You whose garments are hot translates a line beginning with the relative particle “whose” followed by “your (singular) hot garments.” Revised Standard Version takes “your garments” to tie in with “you” (singular) in verse 16, and so Elihu is speaking to Job. Good News Translation expresses this line as a negative reply to the question in verse 16: “No, you can only suffer in the heat.” Good News Translation does not mention your garments but replaces this phrase with “you.” New English Bible and others retain it, “sweating there in your stifling clothes.” Biblia Dios Habla Hoy has “You are suffocating in your clothes from the heat.”

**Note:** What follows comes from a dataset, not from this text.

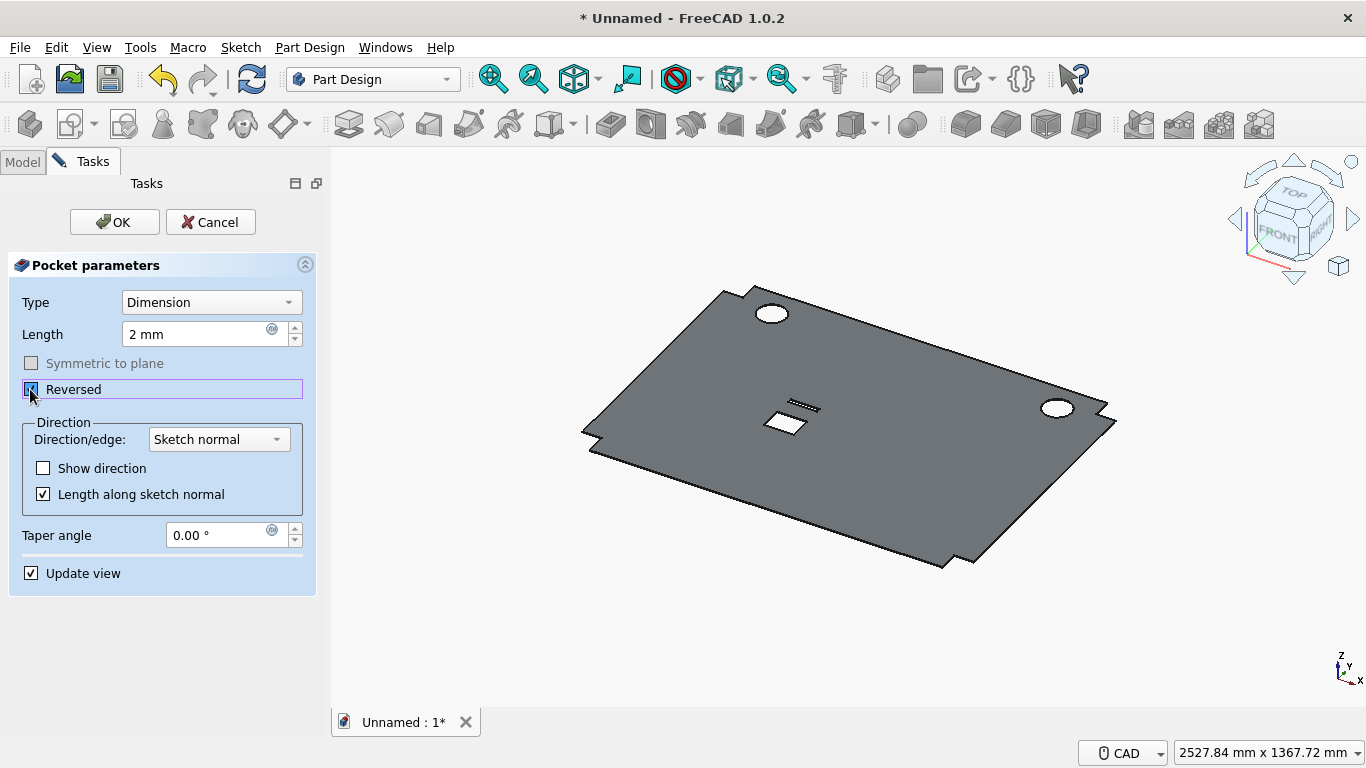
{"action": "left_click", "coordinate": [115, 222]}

When the earth is still because of the south wind describes the absence of moving air to bring coolness and relief from the heat. Good News Translation makes “south wind” the subject of “oppresses the land.” Many translations refer to the earth but fail to express the stillness of the heated air. It may be necessary to say, for example, “when the air is hot and heavy” or “when the air is too hot to breathe.” South wind translates the Hebrew “from the south,” which refers to the hot winds that blow across the desert from the south. It is this searing hot wind from the south that makes the air of the land hot. In some languages it will be more natural to transpose the two lines of verse 17 and say, for example, “When the burning winds blow from the south, you are suffocated in your clothes” or “When the hot winds blow, your clothes will make you suffer in the heat.”
Quoted with permission from Reyburn, Wiliam. A Handbook on Job. (UBS Helps for Translators). New York: UBS, 1992. For this and other handbooks for translators see here .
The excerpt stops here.